In other words, we're going to “pull a Canonical”.

So, here's what a 64-bit ELF file header looks like:

Now, I realize that's a lot to take in - a lot of this stuff doesn't make sense yet.

Before we start writing any code, let's do some basic exploration by hand. According to that diagram, at offset 62 in the file, there's an “index of entry with section names”. For our hello executable, that's…

$ # -s = seek, -l = length
$ xxd -s 62 -l 2 ./hello
0000003e: 0500                                     ..

The bytes 05 and 00 - now, we're dealing with a little-endian file, so that means 0x0005, which is just 5. So the fifth section header in the table contains section names.

At this point we have no idea what sections are, but I think it's safe to say that the file is divided into them and that their beginning and size is stored in those section headers.

The section header table starts at…

$ # -g = group size, -e = little-endian
$ xxd -s 40 -l 8 -g 8 -e ./hello
00000028: 0000000000002140

0x2140, which is…

$ echo $((0x2140))
8512
Cool bear's hot tip

Even though xxd itself doesn't support hexadecimal notation, we can perform shell arithmetic with $((expr))!

According to the Wikipedia page on ELF, every section header contains the offset in the file where the section data is stored… at offset 0x18!

Every section header has length 0x40, and we want the fifth one, so…

$ xxd -s $((0x2140 + 0x40 * 5 + 0x18)) -l 8 -g 8 -e ./hello
00002298: 0000000000002118                   .!......

That means that the data of the section that contains section names should be at 0x2118. Let's check it out:

$ xxd -s $((0x2118)) ./hello | head -4
00002118: 002e 7379 6d74 6162 002e 7374 7274 6162  ..symtab..strtab
00002128: 002e 7368 7374 7274 6162 002e 7465 7874  ..shstrtab..text
00002138: 002e 6461 7461 0000 0000 0000 0000 0000  ..data..........
00002148: 0000 0000 0000 0000 0000 0000 0000 0000  ................

…those are the strings we noticed earlier, when randomly paging through the dump!

Well, that's one mystery solved.

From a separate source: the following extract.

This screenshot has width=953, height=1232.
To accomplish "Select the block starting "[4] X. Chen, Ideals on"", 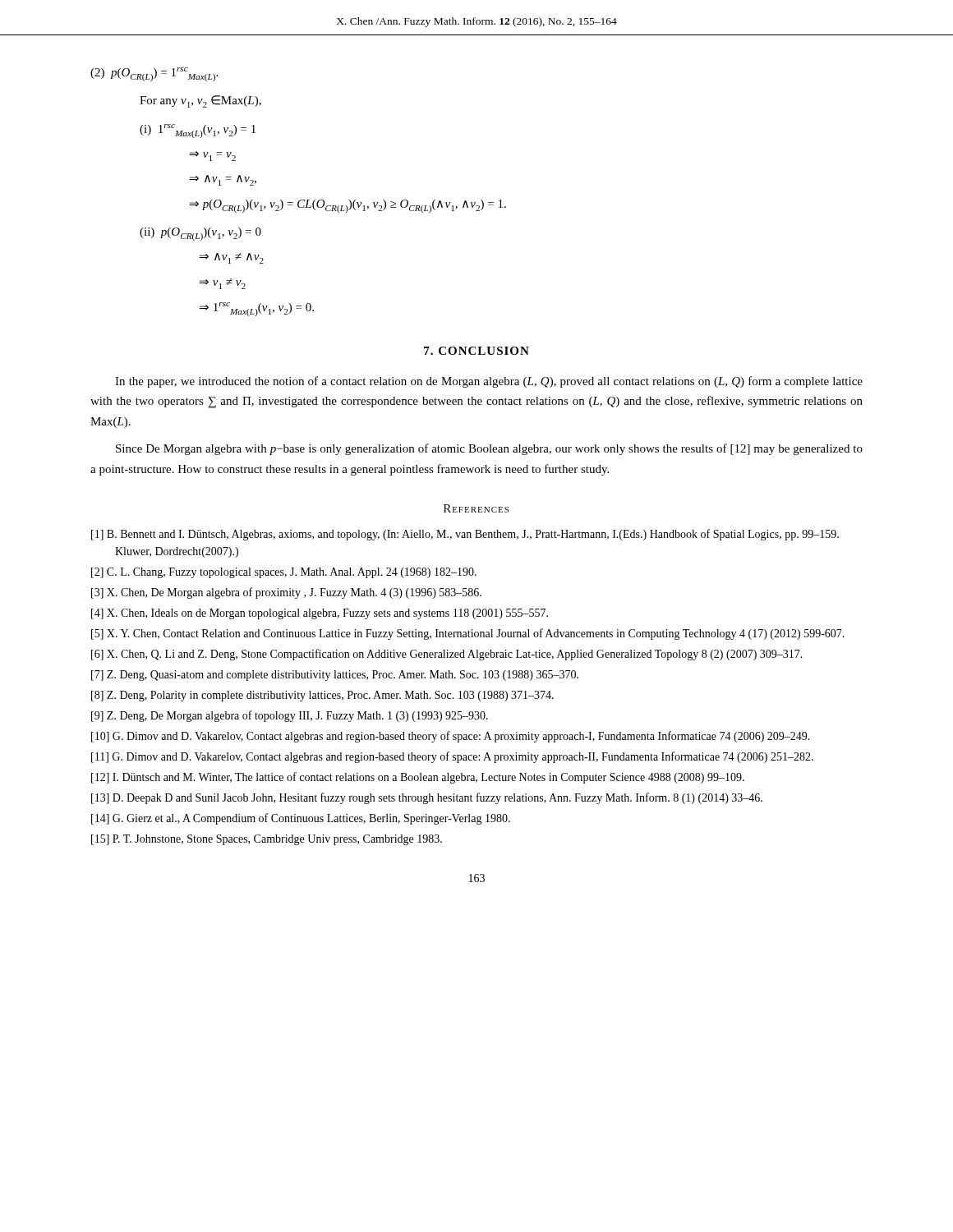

Onto the next hundred or so.

It was fun looking through the file by hand, and we learned to use xxd to do exactly that (which might definitely come in handy in the nuclear winter if a graphical hex viewer/editor isn't available), but we probably want to start writing an actual parser now.

We'll name our library delf, for demystify ELF

$ cargo new --lib delf
$ cd delf
$ cargo add nom
      Adding nom v5.1.0 to dependencies

For convenience, we'll add a parse module with an Input and Result type:

// in `delf/src/lib.rs`

mod parse;
// in `delf/src/parse.rs`
pub type Input<'a> = &'a [u8];
pub type Result<'a, O> = nom::IResult<Input<'a>, O, nom::error::VerboseError<Input<'a>>>;

We can parse the first 16 bytes pretty trivially:

Like I said earlier, we're not going to bother with big-endian ELFs, or 32-bit ELFs, so we can hardcode a few values. Let's get started!

// in `delf/src/lib.rs`

#[derive(Debug)]
pub struct File {
    // we'll add fields as we go
}

impl File {
    const MAGIC: &'static [u8] = &[0x7f, 0x45, 0x4c, 0x46];

    pub fn parse(i: parse::Input) -> parse::Result<Self> {
        use nom::{
            bytes::complete::{tag, take},
            error::context,
            sequence::tuple,
        };
        let (i, _) = tuple((
            // -------
            context("Magic", tag(Self::MAGIC)),
            context("Class", tag(&[0x2])),
            context("Endianness", tag(&[0x1])),
            context("Version", tag(&[0x1])),
            context("OS ABI", tag(&[0x0])),
            // -------
            context("Padding", take(8_usize)),
        ))(i)?;
        Ok((i, Self {}))
    }
}

That looks reasonable. Let's make another crate to test the delf crate. We'll name it “elk”, for “Executable & Linker Kit”

$ cargo new --bin elk
$ cargo add ../delf
      Adding delf (unknown version) to dependencies
// in `src/elk/main.rs`

use std::{env, error::Error, fs};

fn main() -> Result<(), Box<dyn Error>> {
    let input_path = env::args().skip(1).next().expect("usage: elk FILE");
    let input = fs::read(&input_path)?;
    delf::File::parse(&input[..]).map_err(|e| format!("{:?}", e))?;
    println!("input is a supported ELF file!");

    Ok(())
}

And take it for a spin:

$ ./target/debug/elk /bin/true
input is a supported ELF file!

Good! Good start.

Now we'll have to deal with some enums

Let's start with the type - declaring an enum in Rust is simple enough. We'll want to derive some useful traits - Debug for printing, Clone and Copy so it has copy semantics (instead of transmitting ownership), PartialEq and Eq to compare Type values for equality.

// in `delf/src/lib.rs`

#[derive(Debug, Clone, Copy, PartialEq, Eq)]
pub enum Type {
    None,
    Rel,
    Exec,
    Dyn,
    Core,
}

When reading our ELF file though, we won't get a Type - we'll get a u16. And similarly, when we write out an ELF file, we'll also need a u16.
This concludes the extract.